Exhibit 10.2
KEMET CORPORATION
INCENTIVE AWARD AND NON-COMPETITION AGREEMENT
THIS AGREEMENT is made as of December 1, 2014, between KEMET Corporation, a
Delaware corporation (the “Company”), and Charles C. Meeks, Jr. (“Executive”).
In consideration of the mutual covenants contained herein and other good and
valuable consideration, the receipt and sufficiency of which are hereby
acknowledged, the parties hereto agree as follows:
1.Definitions.
(a)    “Cause” means (i) a termination as a result of the willful and continued
failure by Executive for a significant period of time substantially to perform
his duties with the Company (other than any such failure resulting from his
Disability), after a demand for substantial performance is delivered to
Executive in writing by the Chief Executive Officer which specifically
identifies the manner in which the Company asserts that Executive has not
substantially performed his duties, or (ii) the willful engaging by Executive in
gross misconduct materially and demonstrably injurious to the Company or any
intentional violation of any Company policy.

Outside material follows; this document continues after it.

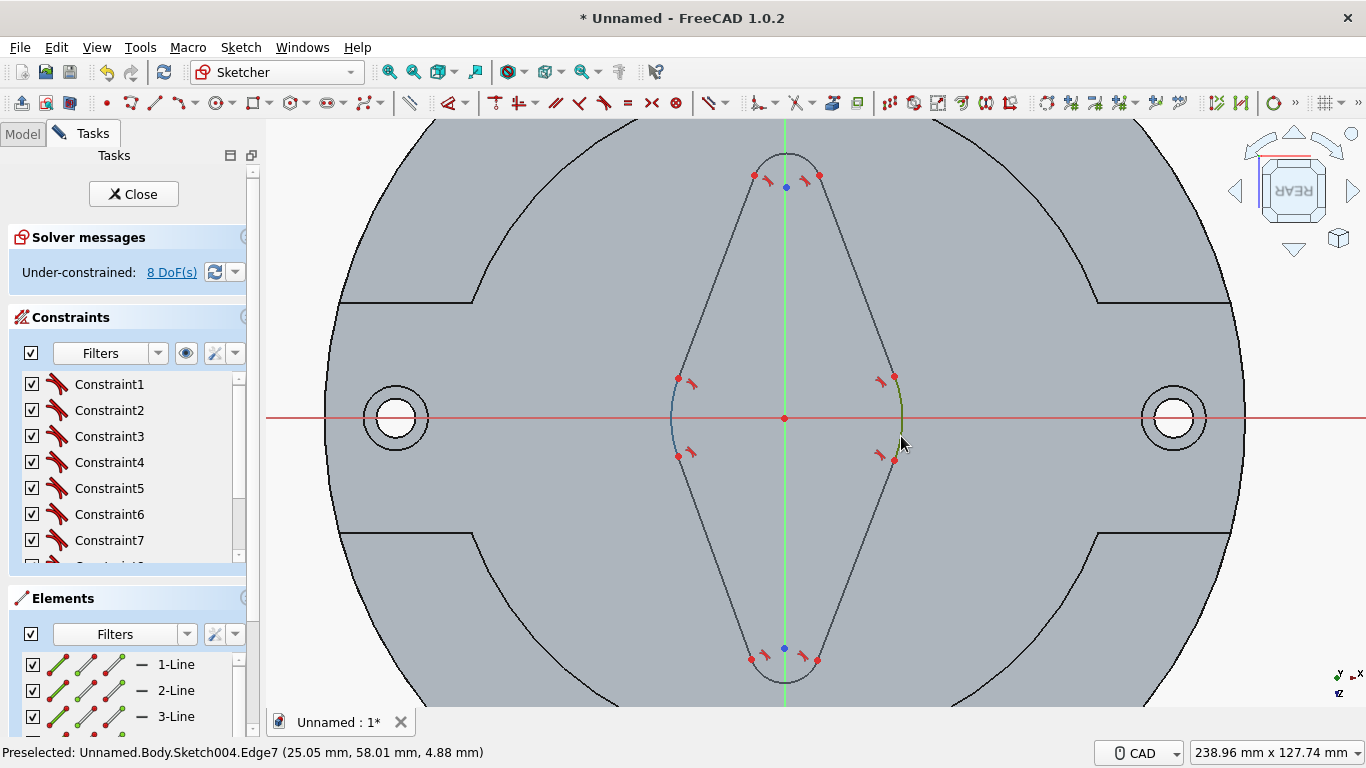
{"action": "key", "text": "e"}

No act, or failure to act, on
Executive’s part shall be considered “willful” unless done, or omitted to be
done, by Executive, not in good faith and without reasonable belief that his
action or omission was in the best interest of the Company.
(b)     “Change in Control” means any of the following events:
(i) The acquisition by any individual, entity or group (within the meaning of
Section 13(d)(3) or 14(d)(2) of the Securities Exchange Act of 1934, as amended
(the “Exchange Act”)) (a “Person”) of beneficial ownership (within the meaning
of Rule 13d-3 promulgated under the Exchange Act) of twenty-five percent (25%)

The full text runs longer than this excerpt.